§ Your instructions:
Scan the entries for the word "Continuous". Every line that has it should be copied.

Extracted data entries:
———

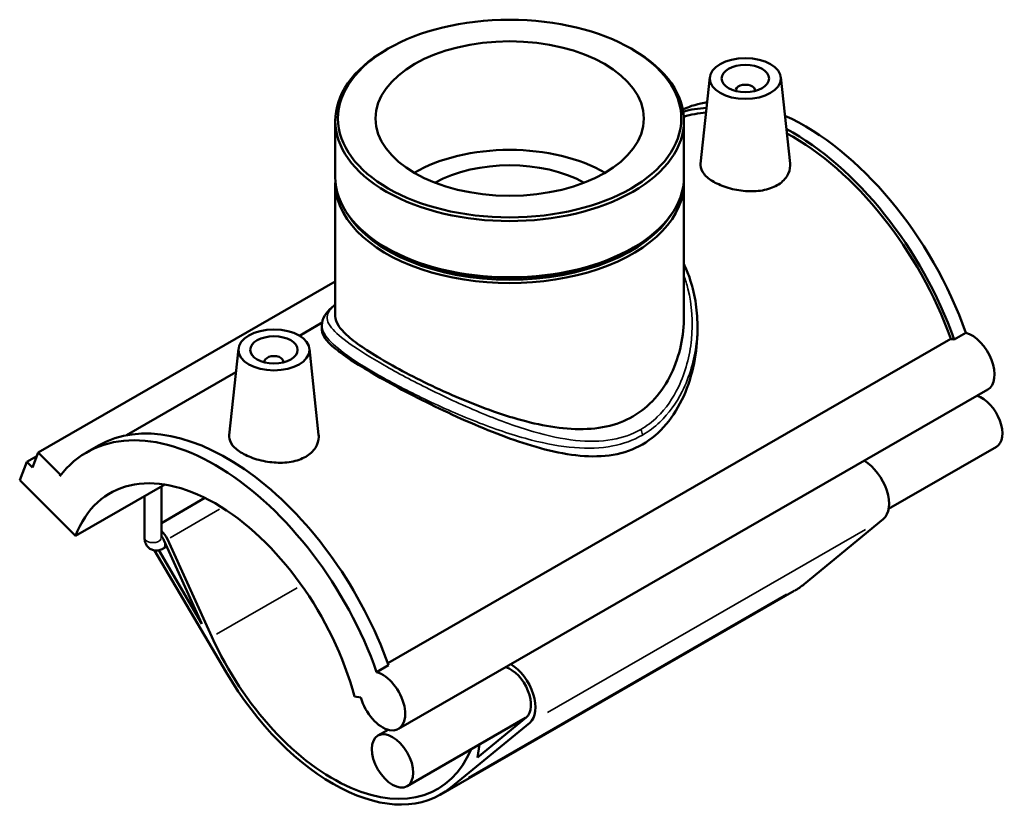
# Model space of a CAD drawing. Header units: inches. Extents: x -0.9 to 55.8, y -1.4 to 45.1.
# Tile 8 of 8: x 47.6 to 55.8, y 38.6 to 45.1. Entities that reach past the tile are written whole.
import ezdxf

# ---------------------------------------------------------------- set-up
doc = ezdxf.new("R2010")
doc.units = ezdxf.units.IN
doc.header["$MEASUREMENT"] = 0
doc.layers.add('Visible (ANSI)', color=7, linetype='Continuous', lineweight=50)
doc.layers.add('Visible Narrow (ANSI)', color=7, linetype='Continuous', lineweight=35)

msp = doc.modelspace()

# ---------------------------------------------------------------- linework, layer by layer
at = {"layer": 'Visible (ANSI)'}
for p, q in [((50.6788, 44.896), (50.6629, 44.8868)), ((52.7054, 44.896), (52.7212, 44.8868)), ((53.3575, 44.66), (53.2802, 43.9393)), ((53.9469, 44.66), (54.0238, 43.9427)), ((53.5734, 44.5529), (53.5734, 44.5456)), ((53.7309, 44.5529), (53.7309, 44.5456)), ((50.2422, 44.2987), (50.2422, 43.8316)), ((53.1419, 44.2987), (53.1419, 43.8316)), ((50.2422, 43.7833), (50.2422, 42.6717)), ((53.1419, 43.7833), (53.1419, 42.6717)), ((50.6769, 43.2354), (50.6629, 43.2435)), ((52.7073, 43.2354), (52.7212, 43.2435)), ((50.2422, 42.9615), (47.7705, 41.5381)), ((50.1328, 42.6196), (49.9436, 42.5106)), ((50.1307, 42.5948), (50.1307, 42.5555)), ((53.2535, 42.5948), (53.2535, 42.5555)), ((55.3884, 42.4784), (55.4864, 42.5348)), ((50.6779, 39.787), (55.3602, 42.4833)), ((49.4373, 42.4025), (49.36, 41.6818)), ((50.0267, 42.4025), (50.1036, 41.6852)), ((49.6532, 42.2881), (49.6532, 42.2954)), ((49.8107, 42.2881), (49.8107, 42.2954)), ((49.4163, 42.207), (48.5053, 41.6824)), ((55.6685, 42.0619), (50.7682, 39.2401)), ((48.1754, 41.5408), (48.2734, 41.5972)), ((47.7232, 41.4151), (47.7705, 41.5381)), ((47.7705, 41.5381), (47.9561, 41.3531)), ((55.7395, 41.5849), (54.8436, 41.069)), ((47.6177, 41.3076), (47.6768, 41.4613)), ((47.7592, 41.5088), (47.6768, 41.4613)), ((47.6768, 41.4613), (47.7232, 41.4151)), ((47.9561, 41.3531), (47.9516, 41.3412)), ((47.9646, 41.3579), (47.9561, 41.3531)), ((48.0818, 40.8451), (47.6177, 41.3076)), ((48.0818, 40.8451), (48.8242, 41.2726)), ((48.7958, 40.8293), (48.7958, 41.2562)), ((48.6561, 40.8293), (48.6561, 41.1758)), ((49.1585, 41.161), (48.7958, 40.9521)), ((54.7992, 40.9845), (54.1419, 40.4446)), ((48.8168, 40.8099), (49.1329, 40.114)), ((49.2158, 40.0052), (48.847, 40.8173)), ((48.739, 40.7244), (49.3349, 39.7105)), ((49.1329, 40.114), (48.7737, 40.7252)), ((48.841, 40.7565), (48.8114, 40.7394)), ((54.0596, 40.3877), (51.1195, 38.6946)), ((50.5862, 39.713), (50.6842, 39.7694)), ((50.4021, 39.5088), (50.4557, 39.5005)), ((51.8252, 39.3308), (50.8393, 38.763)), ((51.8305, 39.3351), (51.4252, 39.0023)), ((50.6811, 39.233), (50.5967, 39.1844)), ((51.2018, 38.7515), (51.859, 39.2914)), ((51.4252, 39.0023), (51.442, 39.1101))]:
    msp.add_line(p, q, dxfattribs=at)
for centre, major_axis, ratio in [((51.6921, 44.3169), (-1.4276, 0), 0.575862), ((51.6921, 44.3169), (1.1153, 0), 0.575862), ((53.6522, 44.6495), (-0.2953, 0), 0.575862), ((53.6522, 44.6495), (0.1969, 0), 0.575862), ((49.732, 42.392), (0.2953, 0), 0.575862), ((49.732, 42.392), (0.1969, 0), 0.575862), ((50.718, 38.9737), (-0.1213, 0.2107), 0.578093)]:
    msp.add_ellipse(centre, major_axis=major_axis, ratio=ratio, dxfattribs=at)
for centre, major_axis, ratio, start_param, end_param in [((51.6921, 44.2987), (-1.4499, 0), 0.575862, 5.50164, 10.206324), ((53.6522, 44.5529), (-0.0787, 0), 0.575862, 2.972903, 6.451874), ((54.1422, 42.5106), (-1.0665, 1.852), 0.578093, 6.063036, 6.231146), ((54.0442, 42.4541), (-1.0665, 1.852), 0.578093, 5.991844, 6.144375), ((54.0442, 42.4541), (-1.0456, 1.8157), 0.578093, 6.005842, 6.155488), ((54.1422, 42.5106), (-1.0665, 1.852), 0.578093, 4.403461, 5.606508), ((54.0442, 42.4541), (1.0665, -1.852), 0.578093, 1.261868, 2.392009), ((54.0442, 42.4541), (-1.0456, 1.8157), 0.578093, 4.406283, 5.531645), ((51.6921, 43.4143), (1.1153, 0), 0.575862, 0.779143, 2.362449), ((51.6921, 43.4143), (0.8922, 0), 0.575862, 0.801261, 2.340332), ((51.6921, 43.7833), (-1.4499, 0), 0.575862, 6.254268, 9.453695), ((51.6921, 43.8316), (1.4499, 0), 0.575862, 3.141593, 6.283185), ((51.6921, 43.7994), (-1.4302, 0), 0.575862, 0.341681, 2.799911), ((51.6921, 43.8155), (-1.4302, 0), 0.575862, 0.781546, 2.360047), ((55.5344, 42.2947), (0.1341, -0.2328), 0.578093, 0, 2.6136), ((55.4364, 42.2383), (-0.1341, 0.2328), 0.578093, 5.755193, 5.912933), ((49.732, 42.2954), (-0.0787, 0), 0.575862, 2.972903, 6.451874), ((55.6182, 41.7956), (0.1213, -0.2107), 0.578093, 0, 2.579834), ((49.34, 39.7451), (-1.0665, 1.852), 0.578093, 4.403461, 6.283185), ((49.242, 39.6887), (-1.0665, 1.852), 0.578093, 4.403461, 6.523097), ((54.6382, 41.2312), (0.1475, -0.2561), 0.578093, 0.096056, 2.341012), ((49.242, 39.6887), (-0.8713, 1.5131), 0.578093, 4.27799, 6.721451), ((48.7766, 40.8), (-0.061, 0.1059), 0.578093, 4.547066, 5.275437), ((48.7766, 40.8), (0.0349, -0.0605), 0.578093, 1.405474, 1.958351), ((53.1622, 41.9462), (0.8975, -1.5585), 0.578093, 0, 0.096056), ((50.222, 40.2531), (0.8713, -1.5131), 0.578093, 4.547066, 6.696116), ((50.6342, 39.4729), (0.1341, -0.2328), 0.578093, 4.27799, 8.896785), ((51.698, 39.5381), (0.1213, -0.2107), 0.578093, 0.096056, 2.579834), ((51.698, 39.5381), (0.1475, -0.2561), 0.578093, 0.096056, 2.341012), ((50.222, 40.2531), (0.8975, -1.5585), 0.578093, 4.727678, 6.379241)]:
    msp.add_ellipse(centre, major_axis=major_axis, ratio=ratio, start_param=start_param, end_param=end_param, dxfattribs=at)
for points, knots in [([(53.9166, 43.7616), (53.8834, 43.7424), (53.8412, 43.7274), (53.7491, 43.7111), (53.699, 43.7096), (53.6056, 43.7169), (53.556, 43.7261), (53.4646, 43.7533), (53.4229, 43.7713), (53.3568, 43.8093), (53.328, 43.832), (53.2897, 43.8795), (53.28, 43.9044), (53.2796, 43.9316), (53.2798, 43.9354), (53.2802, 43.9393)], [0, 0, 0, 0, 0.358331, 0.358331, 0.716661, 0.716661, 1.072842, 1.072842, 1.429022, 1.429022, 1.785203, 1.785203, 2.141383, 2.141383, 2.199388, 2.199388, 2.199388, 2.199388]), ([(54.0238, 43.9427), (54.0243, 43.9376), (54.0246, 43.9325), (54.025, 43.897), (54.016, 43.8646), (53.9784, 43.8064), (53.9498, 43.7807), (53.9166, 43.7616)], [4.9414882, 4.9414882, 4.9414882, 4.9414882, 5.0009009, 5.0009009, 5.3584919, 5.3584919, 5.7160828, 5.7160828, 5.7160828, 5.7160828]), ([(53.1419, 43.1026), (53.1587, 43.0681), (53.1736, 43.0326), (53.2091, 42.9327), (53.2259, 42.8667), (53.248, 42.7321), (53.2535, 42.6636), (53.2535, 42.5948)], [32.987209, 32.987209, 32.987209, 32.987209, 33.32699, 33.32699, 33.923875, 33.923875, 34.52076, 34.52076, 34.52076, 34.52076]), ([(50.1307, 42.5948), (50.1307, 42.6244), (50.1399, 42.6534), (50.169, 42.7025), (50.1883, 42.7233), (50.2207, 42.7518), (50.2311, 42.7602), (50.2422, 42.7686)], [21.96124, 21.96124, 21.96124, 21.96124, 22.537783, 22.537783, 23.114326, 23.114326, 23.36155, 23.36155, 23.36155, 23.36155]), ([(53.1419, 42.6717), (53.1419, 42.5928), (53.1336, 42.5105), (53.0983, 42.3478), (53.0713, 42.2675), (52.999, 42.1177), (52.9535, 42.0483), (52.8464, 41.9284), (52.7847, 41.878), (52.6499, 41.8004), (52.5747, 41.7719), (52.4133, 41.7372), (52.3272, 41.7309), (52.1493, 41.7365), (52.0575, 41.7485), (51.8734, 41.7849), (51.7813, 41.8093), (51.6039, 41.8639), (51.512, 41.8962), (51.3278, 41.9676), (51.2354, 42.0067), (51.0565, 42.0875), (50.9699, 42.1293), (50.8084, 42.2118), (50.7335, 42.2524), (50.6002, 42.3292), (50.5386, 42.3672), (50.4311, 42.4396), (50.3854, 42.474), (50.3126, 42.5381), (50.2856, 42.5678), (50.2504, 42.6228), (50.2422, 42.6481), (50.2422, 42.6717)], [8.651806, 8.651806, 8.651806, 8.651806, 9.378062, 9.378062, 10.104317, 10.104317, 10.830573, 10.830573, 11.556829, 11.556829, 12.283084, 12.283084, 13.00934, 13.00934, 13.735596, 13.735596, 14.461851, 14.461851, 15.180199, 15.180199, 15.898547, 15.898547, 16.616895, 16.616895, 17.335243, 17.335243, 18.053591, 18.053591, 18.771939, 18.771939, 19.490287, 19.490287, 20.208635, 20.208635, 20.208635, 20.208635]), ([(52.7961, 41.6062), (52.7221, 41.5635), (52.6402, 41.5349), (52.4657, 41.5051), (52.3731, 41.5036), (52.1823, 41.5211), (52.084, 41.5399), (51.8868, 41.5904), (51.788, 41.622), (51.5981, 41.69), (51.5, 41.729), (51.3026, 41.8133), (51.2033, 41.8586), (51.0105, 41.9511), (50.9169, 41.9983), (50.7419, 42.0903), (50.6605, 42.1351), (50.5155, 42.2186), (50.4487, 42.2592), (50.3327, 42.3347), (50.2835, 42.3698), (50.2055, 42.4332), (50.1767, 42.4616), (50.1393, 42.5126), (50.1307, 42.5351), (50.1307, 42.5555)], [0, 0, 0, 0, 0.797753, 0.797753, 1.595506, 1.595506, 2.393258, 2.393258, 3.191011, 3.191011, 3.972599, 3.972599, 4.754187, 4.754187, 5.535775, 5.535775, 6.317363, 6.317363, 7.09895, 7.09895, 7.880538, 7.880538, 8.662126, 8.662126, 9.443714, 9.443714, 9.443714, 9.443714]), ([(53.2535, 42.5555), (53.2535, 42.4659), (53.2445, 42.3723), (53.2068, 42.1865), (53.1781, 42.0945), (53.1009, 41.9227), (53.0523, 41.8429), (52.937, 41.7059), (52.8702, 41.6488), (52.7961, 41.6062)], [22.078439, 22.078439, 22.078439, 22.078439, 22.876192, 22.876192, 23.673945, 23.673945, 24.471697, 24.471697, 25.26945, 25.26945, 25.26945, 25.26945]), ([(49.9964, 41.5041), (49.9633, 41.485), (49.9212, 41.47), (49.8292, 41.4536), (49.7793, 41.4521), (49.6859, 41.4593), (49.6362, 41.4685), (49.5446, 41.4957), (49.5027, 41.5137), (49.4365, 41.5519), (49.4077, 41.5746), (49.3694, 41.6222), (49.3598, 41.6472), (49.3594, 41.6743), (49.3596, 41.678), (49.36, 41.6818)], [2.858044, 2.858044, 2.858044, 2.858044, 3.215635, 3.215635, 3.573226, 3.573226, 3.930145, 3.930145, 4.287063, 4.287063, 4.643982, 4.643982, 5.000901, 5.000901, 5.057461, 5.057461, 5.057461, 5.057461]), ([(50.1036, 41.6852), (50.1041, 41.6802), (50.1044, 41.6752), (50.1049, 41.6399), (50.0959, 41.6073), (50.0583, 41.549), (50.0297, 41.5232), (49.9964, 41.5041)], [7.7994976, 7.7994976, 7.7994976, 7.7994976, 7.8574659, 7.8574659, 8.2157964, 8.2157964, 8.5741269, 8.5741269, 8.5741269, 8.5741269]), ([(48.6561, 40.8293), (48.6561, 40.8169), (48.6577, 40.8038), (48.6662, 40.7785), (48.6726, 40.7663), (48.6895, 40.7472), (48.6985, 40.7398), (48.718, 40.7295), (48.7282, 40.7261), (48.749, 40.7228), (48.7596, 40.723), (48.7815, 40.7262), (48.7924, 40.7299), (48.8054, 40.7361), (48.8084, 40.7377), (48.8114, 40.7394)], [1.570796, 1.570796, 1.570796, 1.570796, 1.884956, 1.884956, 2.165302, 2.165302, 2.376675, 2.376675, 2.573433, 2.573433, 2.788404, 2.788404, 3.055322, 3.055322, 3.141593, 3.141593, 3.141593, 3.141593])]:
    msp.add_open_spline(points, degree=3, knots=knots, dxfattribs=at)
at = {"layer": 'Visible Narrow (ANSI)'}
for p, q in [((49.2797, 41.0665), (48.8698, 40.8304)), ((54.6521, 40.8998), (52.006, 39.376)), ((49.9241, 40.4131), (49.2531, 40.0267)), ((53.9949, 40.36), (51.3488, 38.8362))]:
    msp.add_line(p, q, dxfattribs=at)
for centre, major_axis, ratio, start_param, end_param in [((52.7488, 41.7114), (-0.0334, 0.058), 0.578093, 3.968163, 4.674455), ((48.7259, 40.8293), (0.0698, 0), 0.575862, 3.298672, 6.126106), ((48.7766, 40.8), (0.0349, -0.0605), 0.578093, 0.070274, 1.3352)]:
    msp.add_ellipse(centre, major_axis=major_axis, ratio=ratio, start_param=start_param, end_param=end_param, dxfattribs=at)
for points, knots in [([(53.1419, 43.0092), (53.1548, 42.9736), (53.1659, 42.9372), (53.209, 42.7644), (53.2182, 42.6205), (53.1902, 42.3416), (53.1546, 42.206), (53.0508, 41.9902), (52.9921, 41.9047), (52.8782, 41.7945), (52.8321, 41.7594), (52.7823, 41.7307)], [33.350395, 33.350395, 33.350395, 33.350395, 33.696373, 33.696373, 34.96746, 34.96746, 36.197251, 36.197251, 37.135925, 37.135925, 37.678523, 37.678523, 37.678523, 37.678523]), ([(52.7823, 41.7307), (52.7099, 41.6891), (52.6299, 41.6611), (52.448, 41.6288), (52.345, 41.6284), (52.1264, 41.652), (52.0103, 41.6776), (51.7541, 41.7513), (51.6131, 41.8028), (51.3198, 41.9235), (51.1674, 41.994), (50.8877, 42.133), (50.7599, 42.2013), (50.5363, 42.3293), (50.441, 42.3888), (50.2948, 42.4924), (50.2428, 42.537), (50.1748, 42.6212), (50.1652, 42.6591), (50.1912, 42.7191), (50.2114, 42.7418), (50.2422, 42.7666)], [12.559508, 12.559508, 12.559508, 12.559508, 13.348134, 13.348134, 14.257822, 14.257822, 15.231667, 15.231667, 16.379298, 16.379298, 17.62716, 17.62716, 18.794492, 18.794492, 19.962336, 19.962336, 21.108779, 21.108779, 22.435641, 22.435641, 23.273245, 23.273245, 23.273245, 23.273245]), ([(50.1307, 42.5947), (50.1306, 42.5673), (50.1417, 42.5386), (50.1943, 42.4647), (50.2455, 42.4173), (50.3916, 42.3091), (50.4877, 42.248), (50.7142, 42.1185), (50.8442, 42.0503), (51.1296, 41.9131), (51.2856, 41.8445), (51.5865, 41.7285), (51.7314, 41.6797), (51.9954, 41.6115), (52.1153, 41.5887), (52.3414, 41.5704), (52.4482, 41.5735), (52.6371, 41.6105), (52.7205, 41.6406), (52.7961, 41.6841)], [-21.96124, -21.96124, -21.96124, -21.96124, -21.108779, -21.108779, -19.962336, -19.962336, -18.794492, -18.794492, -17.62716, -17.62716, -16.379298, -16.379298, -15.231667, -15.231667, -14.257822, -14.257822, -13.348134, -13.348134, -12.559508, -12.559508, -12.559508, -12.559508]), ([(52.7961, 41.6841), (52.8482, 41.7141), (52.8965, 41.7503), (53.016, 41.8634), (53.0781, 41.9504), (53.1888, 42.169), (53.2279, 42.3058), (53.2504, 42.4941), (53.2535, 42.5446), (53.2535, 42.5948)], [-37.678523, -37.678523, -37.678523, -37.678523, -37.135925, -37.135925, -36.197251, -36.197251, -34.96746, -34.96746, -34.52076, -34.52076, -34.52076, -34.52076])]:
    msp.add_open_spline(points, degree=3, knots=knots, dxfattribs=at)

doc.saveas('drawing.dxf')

———

§ Expected output:
doc.layers.add('Visible (ANSI)', color=7, linetype='Continuous', lineweight=50)
doc.layers.add('Visible Narrow (ANSI)', color=7, linetype='Continuous', lineweight=35)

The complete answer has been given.